Here’s where the combination of stats analysis and soccer analysis matters.  The above chart is helpful, but incomplete without additional background.  I think of it like a two-person broadcast booth: analytics provides the play-by-play, while soccer experience provides the color commentary.  The two create a virtuous cycle of increased understanding.

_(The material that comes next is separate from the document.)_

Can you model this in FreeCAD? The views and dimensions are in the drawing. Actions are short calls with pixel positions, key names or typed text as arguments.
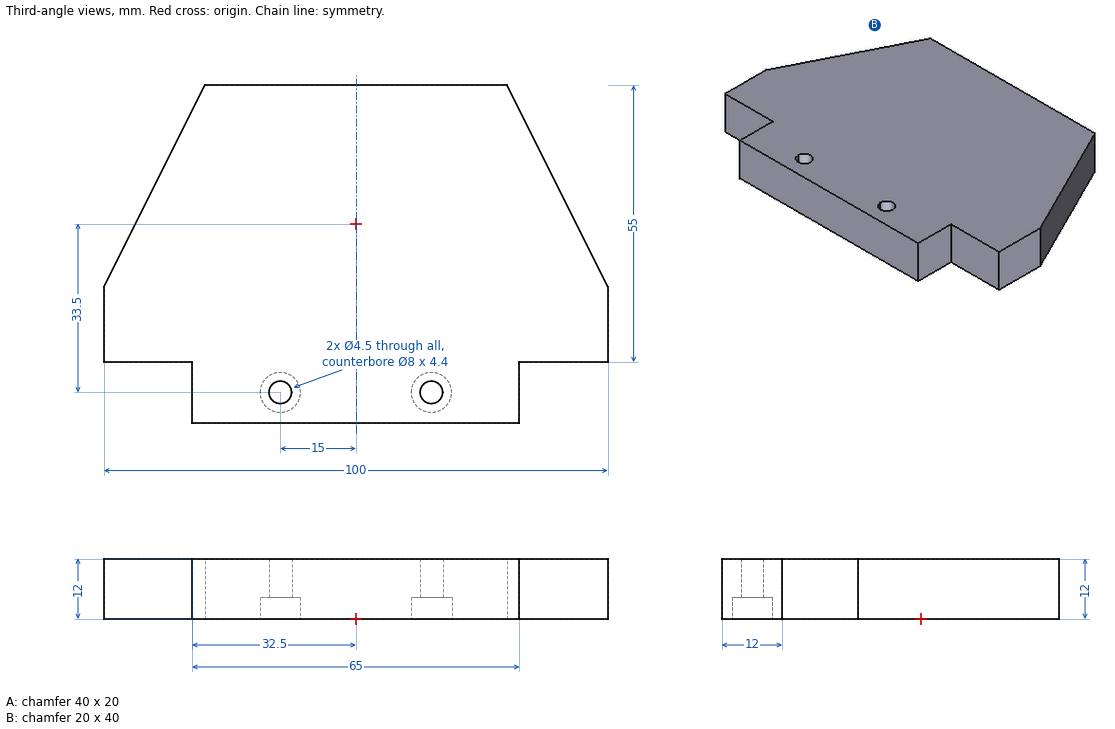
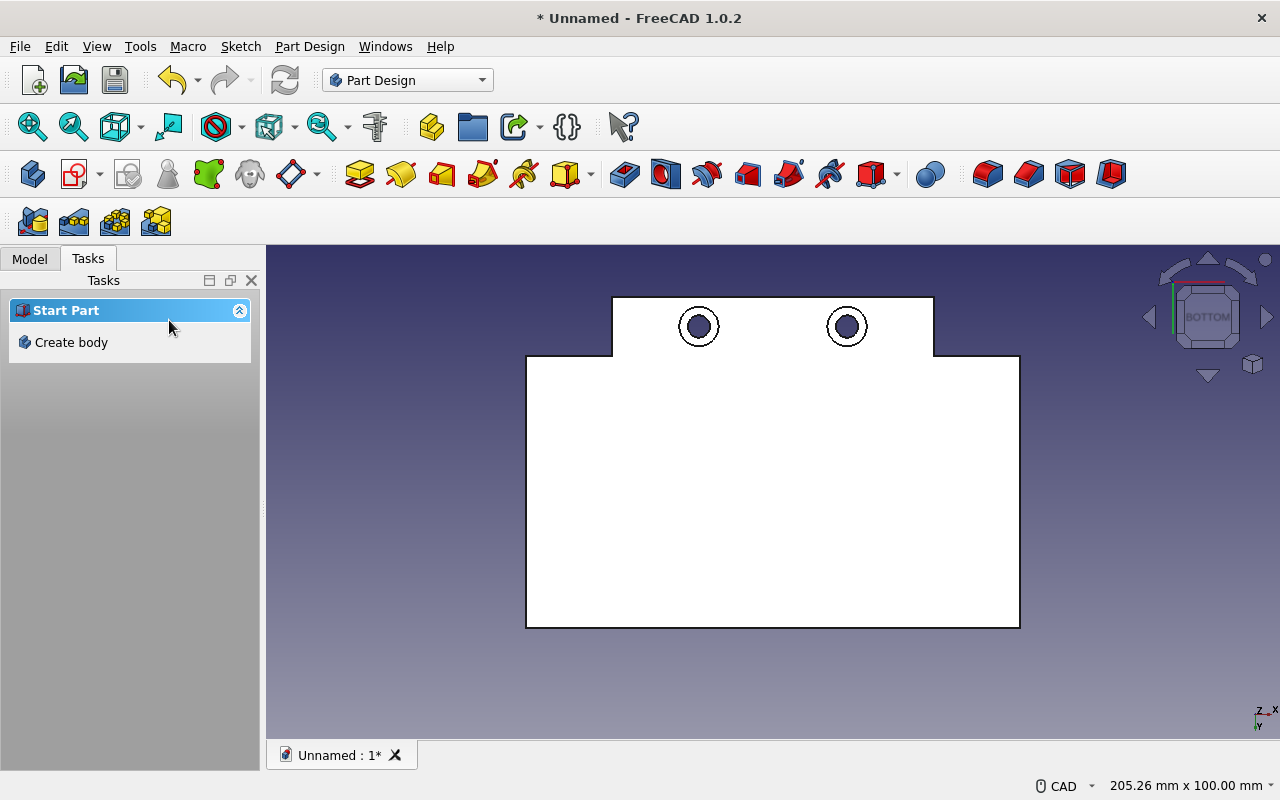
key(0)
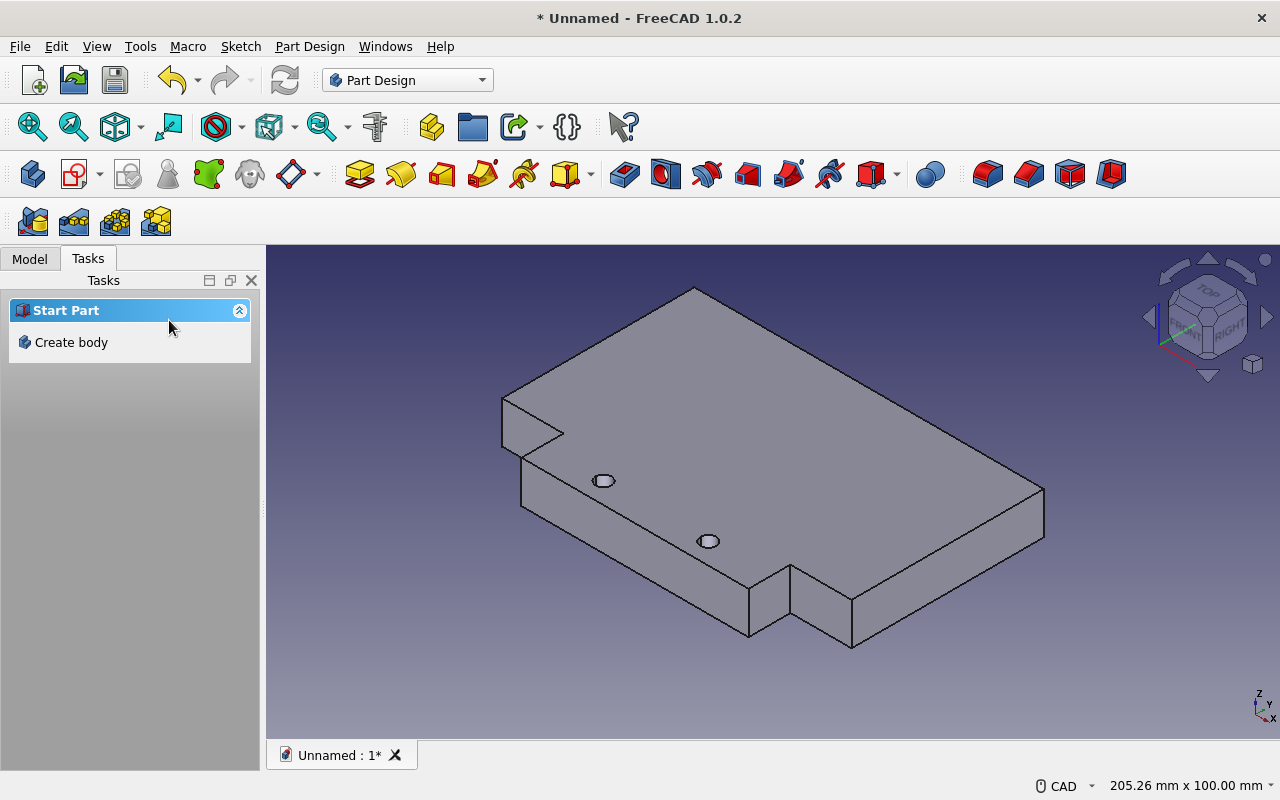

Vancouver’s left-sided tendency likely comes from Kekuta Manneh’s increased effectiveness as the attacking left midfielder in Vancouver’s 4-2-3-1.  Traditional stats show he started almost every game (a good sign of importance), scored 7 goals, and had 6 assists.  Traditional scouting would show he’s absurdly fast, likes taking guys on 1 v. 1, and plays as an inverted winger to set-up a right footed shot.  Further stats to augment this player profile show that Manneh was 4th in the league in successful dribbles (2.2 per game), but he only connected on 6 out of 56 attempted crosses.  Broadening our scope, we see that left back Jordan Harvey rarely surged forward to provide additional width or crossing.  We can assume that Manneh is indeed generating the attack from this side.  With this fuller picture, opposing defenses will likely play deeper than normal to ensure Manneh doesn’t get in behind, and Vancouver will look for ways to isolate Manneh out wide on the left.

Of course, one of the challenges with statistics is application in the moment.  As Mike Goodman wrote in his analytics article featuring quotes from Ted Knutson and Daniel Altman, fluctuations and variance in performance are inherently messy.  To illustrate this, here is the game-by-game attacking tendency for San Jose, a team that was essentially league-average by the end of the year.


Whereas Vancouver rarely deviated from its 4-2-3-1 and had stable personnel, San Jose experienced upheaval when they lost Innocent Emeghara to injury in the 8th game of the season.  Add in mid-season acquisitions of Marc Pelosi, Anibal Godoy, and Quincy Amarikwa, and it’s not surprising that San Jose experimented with various formations throughout the season.  Here, traditional scouting should take the lead, informing teams of player availability or recent changes.  Where analytics could complement that work is a rolling average of attacking channel preference throughout the season.  This can help identify outliers (the 9th game, where the Quakes attacked down the left 49% of the time), or a substantial shift (a more balanced approach toward the end of the season with Godoy in central midfield.)

As Brian Phillips eloquently stated, “Soccer gives players more chaos to contend with than any other sport.  So there’s something uniquely thrilling about the moments when they manage to impose their order on it.”  The pursuit of that order is best achieved through a combination of analytics and traditional soccer analysis.